In recent work we showed that trait-specific variants contribute more to heritability and are prioritized higher by association studies. Our work also hinted at a broad spectrum of specificity across genes and variants, including highly trait-specific variants acting on highly pleiotropic genes. We are interested in understanding the cellular mechanisms by which such trait specificity can arise.
Relevant paper:
- Spence, J. P.*†, Mostafavi, H.*†, Ota, M.†, Milind, N., Gjorgjieva, T., Smith, C. J., Simons, Y. B., Sella, G., and Pritchard, J. K.† Specificity, length and luck drive gene rankings in association studies. Nature (2025).
Genetic impact of stabilizing selection on traits
Many traits, including risks for many diseases, appear to be under stabilizing selection: it is disadvantageous to have a trait value that is too high or too low. This is somewhat surprising: having too low of a disease risk can also be bad!
This results in fascinating dynamics at more granular biological scales. If a variant increases a trait that is subject to stabilizing selection, whether the variant is beneficial or deleterious depends on whether it’s acting in an individual that has too little or too much of the trait. This in turn depends on the effects of the other variants that that individual has and how the environment impacts the individual. Similar considerations play out across biological scales: increasing the expression of a gene expression program may be helpful or hurtful depending on how it impacts fitness-relevant traits, and whether in any given individual, that moves them closer to or further from having optimal trait values.
We are interested in better understanding how these effects play out across different biological scales, by using a combination of mathematical modeling and simulation. We want to use these insights to understand the real-world consequences of stabilizing selection: how does it impact what is discovered in association studies? How does it shape proteins and gene regulatory networks? Can we use these insights to improve genomic or protein language models?
Relevant papers:
-
Spence, J. P.*†, Mostafavi, H.*†, Ota, M.†, Milind, N., Gjorgjieva, T., Smith, C. J., Simons, Y. B., Sella, G., and Pritchard, J. K.† Specificity, length and luck drive gene rankings in association studies. Nature (2025).
-
Patel, R. A.†, Weiß, C. L., Zhu, H., Mostafavi, H., Simons, Y. B., Spence, J. P.†, and Pritchard, J. K.† Characterizing selection on complex traits through conditional frequency spectra. Genetics (2024).

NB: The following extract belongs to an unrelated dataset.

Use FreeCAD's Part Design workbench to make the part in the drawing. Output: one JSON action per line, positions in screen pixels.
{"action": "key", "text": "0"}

Population genetics of climate change
Anthropogenic climate change is driving the sixth mass extinction. Beyond the loss of entire species, we are also witnessing threats to genetic diversity within species. This loss of genetic diversity will make it harder for surviving species to adapt to a rapidly changing environment.

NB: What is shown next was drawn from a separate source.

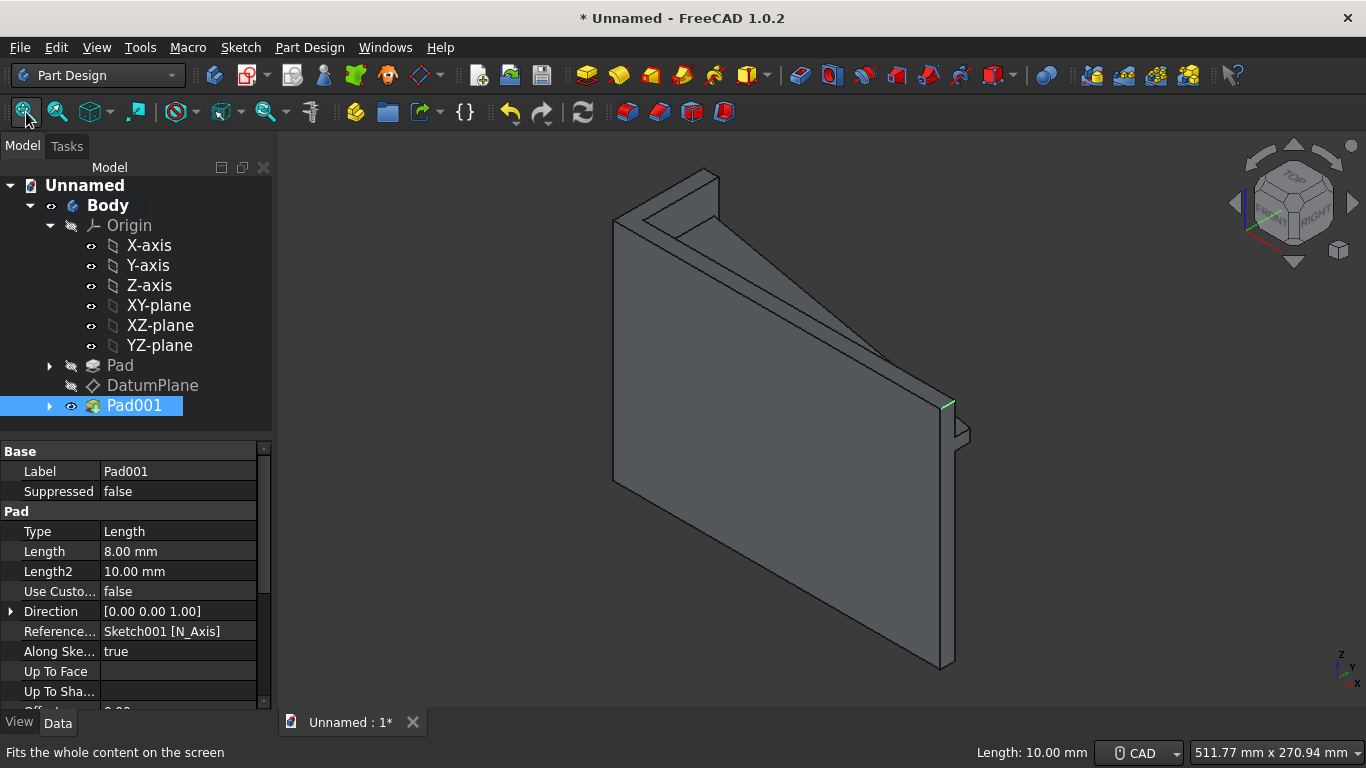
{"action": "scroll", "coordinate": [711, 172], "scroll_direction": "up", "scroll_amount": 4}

With Moisés Expósito-Alonso we are using and building population genetics tools to understand how climate change has impacted and will impact genetic diversity. We are particularly interested in understanding how genetic diversity is affected by the interaction of geographical spatial structure in populations and the spatial structure of habitat loss.
Relevant papers:
-
Mualim, K. S.*, Spence, J. P.*, Weiß, C. L.*, Selmoni, O., Lin, M., and Expósito-Alonso, M. Genetic diversity loss in the Anthropocene will continue long after habitat destruction ends. bioRxiv preprint.
-
Expósito-Alonso, M., Booker, T. R.&, Czech, L.&, Gillespie, L.&, Hately, S.&, Kyriazis, C. C.&, Lang, P. L. M.&, Leventhal, L.&, Nogues-Bravo, D.&, Pagowski, V.&, Ruffley, M.&, Spence, J. P.&, Toro Arana, S. E.&, Weiß, C. L.&, and Zess, E.& Genetic diversity loss in the Anthropocene. Science (2022).